Lady Gaga needed redemption after last album and found it with 'A Star Is Born'
Until last week, one of the year’s best songs was little more than a verse, chorus and a perfect wail.
Yet that’s all that hungry early fans of “A Star Is Born” needed to fixate over “Shallow,” the song featured in the film’s obsessed-over first trailer. It’s “Shallow” that elevates the clip from normal blockbuster fare to a masterwork of the form, with Lady Gaga’s throaty howl giving way to its “I’m off the deep end / Watch as I dive in” chorus as the trailer cuts between punches, naked bodies, tears and guitars.
The rapturous reception of "Shallow," the first and only track from the "A Star Is Born" soundtrack shared before the movie's release (in theaters Friday, Oct. 5), suggests more than just the public's anticipation for the film. It's also the most universally excited reaction to any Lady Gaga song in recent memory – which is less a comment on her talents, which are on full display in her new movie, and more on the reception to her past few years of creative choices.
While never quite relinquishing her spot in the upper echelon of pop personalities, headlining the 2017 Super Bowl halftime show and performing at the 2015 and 2016 Oscars, her musical output in the past five years has been more divisive. Her 2013 album "Artpop" thrilled hardcore fans while puzzling critics and casual listeners, before she stepped away from Top 40 entirely to collaborate with Tony Bennett, returning in 2016 with perhaps her most underappreciated release, the stripped-down "Joanne."
Now, with Oscar buzz building around Gaga's "A Star Is Born" performance, fans are seeing the resurgence of Gaga as a universally appreciated star. And with the soundtrack's reception as a Lady Gaga album of sorts, listeners will hear her continue to expand her range, pairing her with collaborators from the pop and country worlds while giving her “Joanne” era the happy ending it deserved.
Gaga has said that she couldn’t have made “A Star Is Born” without making “Joanne,” which featured country-rock tracks alongside the clubby pop productions more commonly associated with the singer.
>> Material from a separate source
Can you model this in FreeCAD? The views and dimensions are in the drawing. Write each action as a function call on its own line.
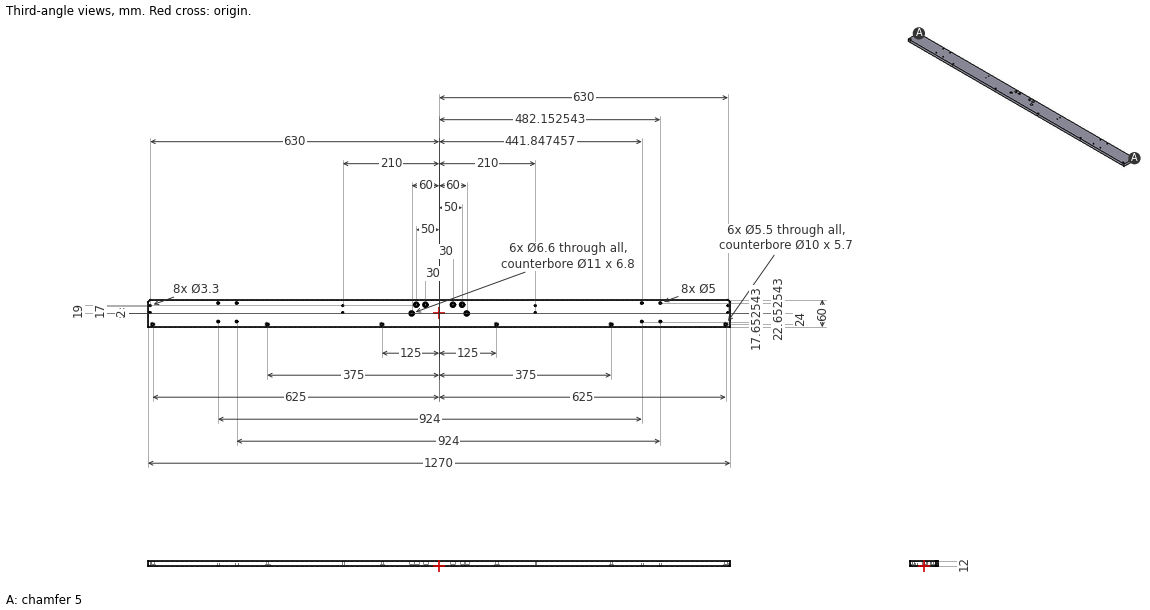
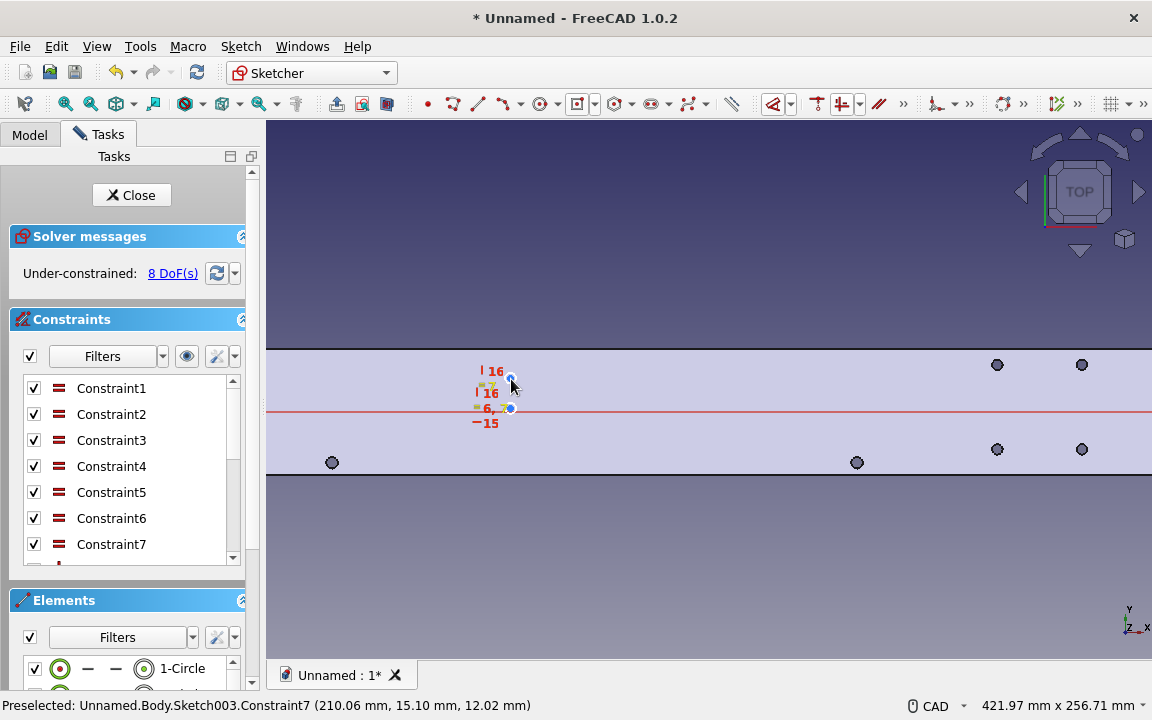
click(511, 378)

For all the inconsistencies of “Joanne,” an album that could never quite decide on a direction and underperformed on the charts, it produced some of the most compelling songs of Gaga’s career, particularly its twangier ballads, “Million Reasons” and its title track. It’s this version of Gaga, folksier vocals and hard Rs, that listeners hear on “Shallow,” a song that would’ve fit right in on the “Joanne” tracklist.
For fans who cheered on Gaga’s new direction with “Joanne,” “A Star Is Born” connects the dots between the album’s more stripped-down recordings and Gaga’s songs alongside Bradley Cooper’s rocker character of Jackson Maine on the movie’s soundtrack, recorded live with the writing and production help from some of Nashville’s best talents. The soundtrack’s most intriguing entry is Gaga’s “Always Remember Us This Way,” produced by Dave Cobb, Chris Stapleton’s go-to producer who also consulted with Cooper to help shape his character.
Natalie Hemby, Hillary Lindsey and Lori McKenna, three of country music’s best writers, co-wrote “Always Remember Us This Way” and also sang back-up for Gaga on the song. Lukas Nelson, Willie Nelson’s son, also joined “A Star Is Born” originally as a consultant for Cooper’s character, but ended up producing or co-writing nine songs on the soundtrack. And as Gaga's character of Ally transitions to a poppier sound once she strikes it big, big-name pop producers including Diane Warren and Justin Tranter appear on the soundtrack to help shape her evolving musical style.
The soundtrack's exciting Oscar-winning and charts-topping forecasts aside, the songs seem like the culmination of a journey for Gaga, who spent the past several years attempting to change the public's perception of her as an artist, seemingly trading the mass popularity of her earlier dance-pop days for a more diverse and emotionally honest body of work.
And with "A Star Is Born," Gaga gets it all: the breathless critical acclaim and public adoration surrounding a project that presents her as the multifaceted persona she's spent years working toward. And as much as Gaga's journey may parallel Ally's in "A Star Is Born," Lady Gaga is actually an argument against the film's traditional music-industry cautionary tale, in which Ally transforms into a glamorous star while sacrificing some of her artistry along the way. Here, Gaga doesn't have to choose.